Of course, many people may be enthralled by the promise in the advertising for Wreck-It Ralph of famous video game characters like Pac-Man, Sonic the Hedgehog, and more interacting with each other. If you grew up with those iconic folks, you may be giddy at the thought of seeing them on the big screen together. While the movie has a few novel ideas for how such a prospect would come to fruition, like a so-called Game Central Station where characters from various games commute to and from their worlds, don’t be fooled: Wreck-It Ralph is less interested in combining random video-game avatars from your childhood than it is on introducing characters of its own. The movie is replete with wannabe clever pop-culture/video-game jokes—hey, Felix can talk like Q-bert does! You remember Q-bert, right? And so do your kids, right? Right?—but the gags often feel too familiar and bland.

Wreck-It Ralph, like its protagonist and title character, is a movie in conflict. Does it want to be a Shrek-like story of a seemingly bad guy trying to make good? Does it want to, like Shrek, include tons of winking, witty popular-culture references, playing on the memories we have from a young age? Does it want to entertain older audiences than typical Disney movies, or does it want to be universal? A movie can be all of these things, but that movie is…well, Shrek. (And just the first one.) There are glimmers of humor in this movie, and seeing that its script is fast-paced and packed with gags, some of the bits will land. But as much as its lead performance is superlative, the movie surrounding Wreck-It Ralph, the person, doesn’t know what it wants to be and suffers as a result.

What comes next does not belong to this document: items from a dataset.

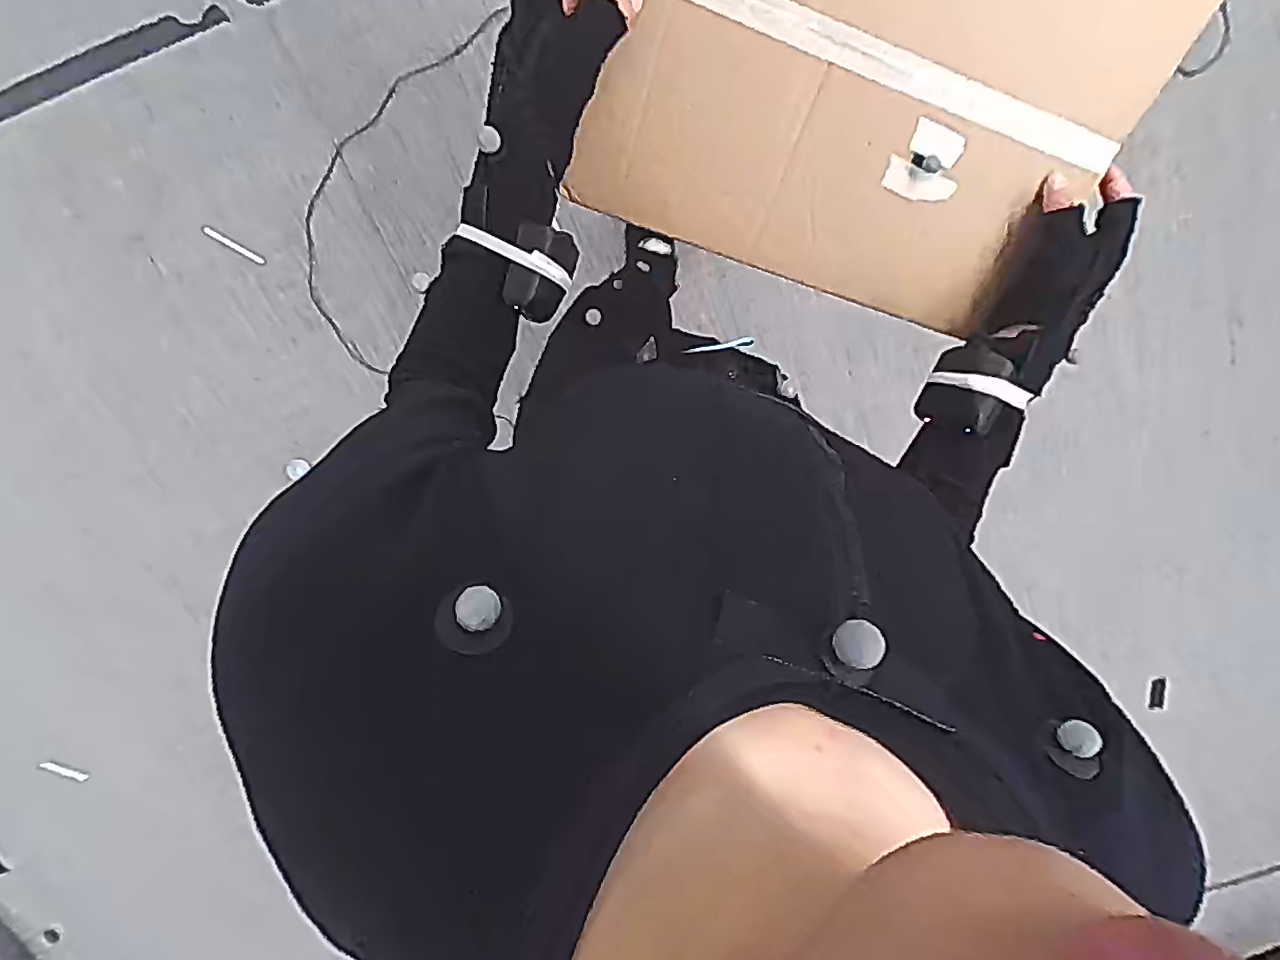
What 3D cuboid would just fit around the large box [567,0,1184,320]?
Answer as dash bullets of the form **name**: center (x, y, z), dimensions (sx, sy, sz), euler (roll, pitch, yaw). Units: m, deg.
- **large box**: center (0.167, -0.402, 0.524), dimensions (0.408, 0.320, 0.320), euler (15, 125, -11)
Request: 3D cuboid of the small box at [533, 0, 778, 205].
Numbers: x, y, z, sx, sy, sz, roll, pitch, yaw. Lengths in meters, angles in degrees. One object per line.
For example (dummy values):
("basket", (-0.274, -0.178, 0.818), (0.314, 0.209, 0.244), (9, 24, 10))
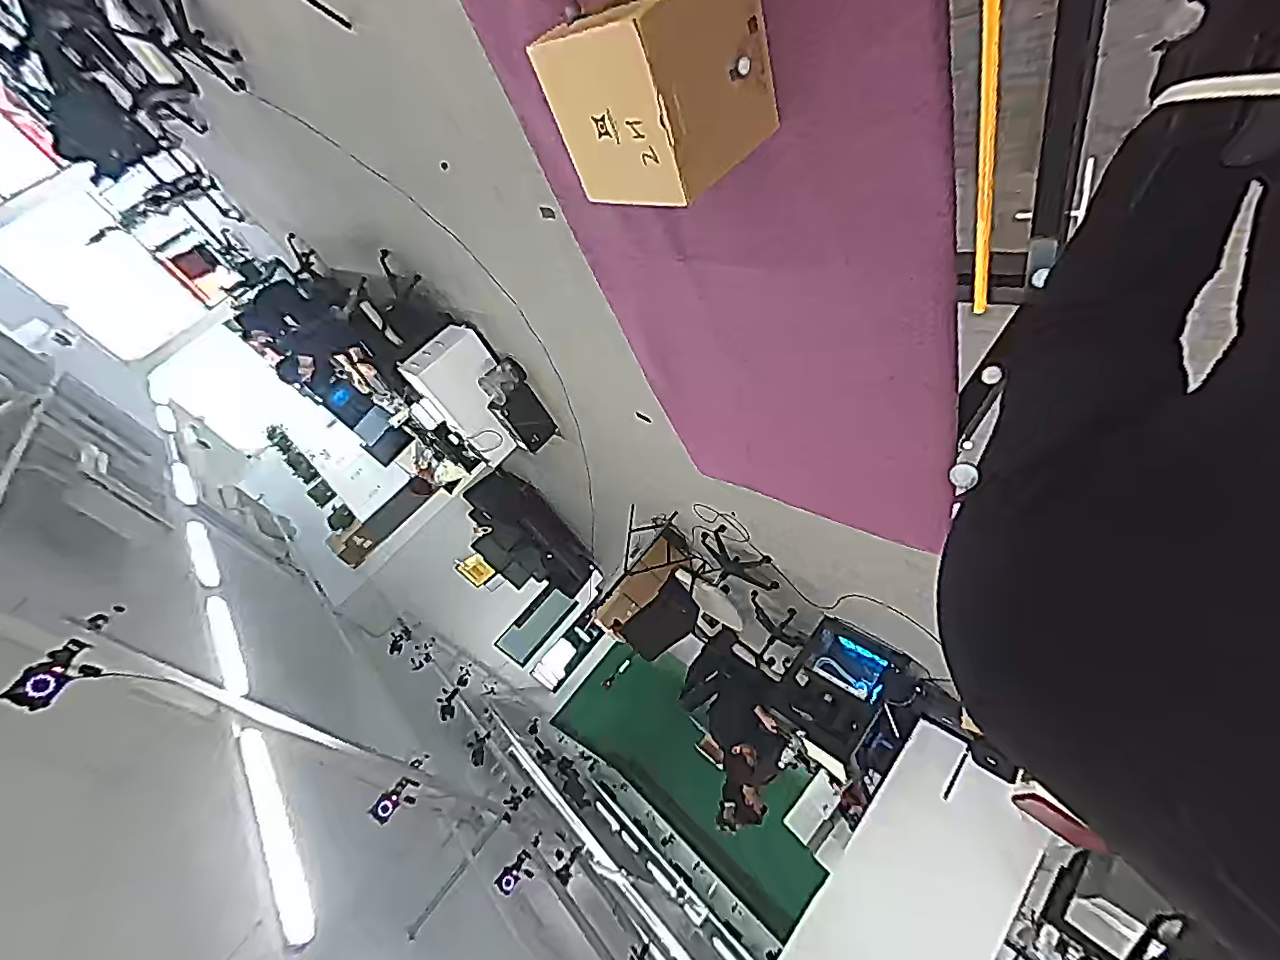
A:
("small box", (0.023, -0.429, 0.593), (0.179, 0.176, 0.168), (28, 158, 41))
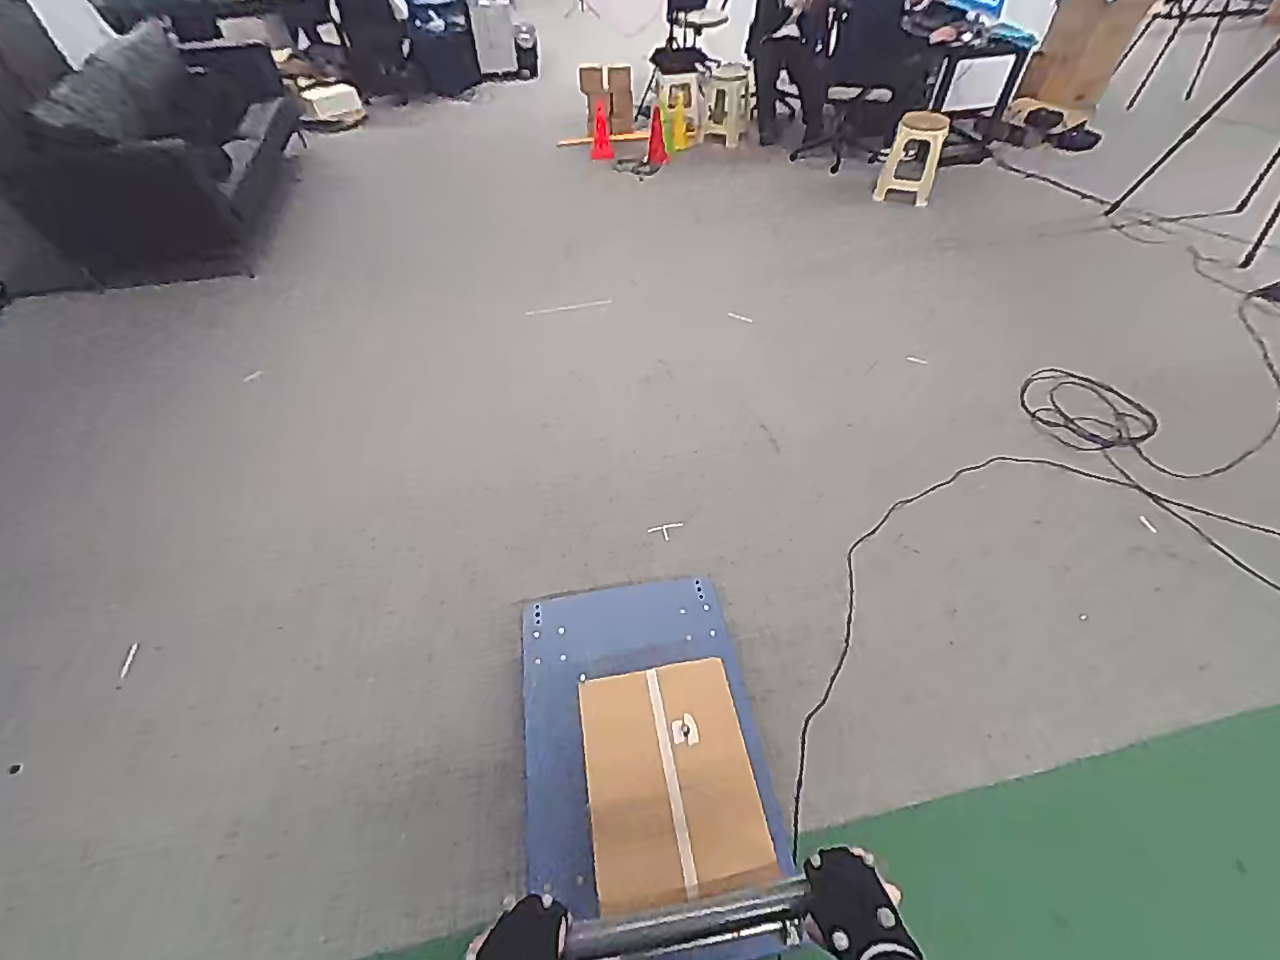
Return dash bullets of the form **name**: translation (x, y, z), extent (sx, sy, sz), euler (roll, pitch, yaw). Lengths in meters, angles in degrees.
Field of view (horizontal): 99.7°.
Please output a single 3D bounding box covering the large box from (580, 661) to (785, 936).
- **large box**: translation (0.064, 0.654, 1.124), extent (0.320, 0.320, 0.408), euler (-7, 48, -6)

Note: Though Wreck-It Ralph isn’t a perfect film, it is preceded in theaters by an excellent short from Disney called Paperman, about an office drone who falls in love with a fellow worker bee on his morning ride to work and uses paper airplanes to try and get her attention. The plot of the short, directed by John Kahrs, is exceedingly simple, but the execution is jaw-droppingly beautiful, striking, and stunning. The short is presented in black-and-white, and utilizes 3D technology to far better effect than the feature that follows it. Paperman is worth the ticket you buy for Wreck-It Ralph, and is a slight but powerful beacon of hope that intelligence and creativity are not dead at Walt Disney Animation Studios.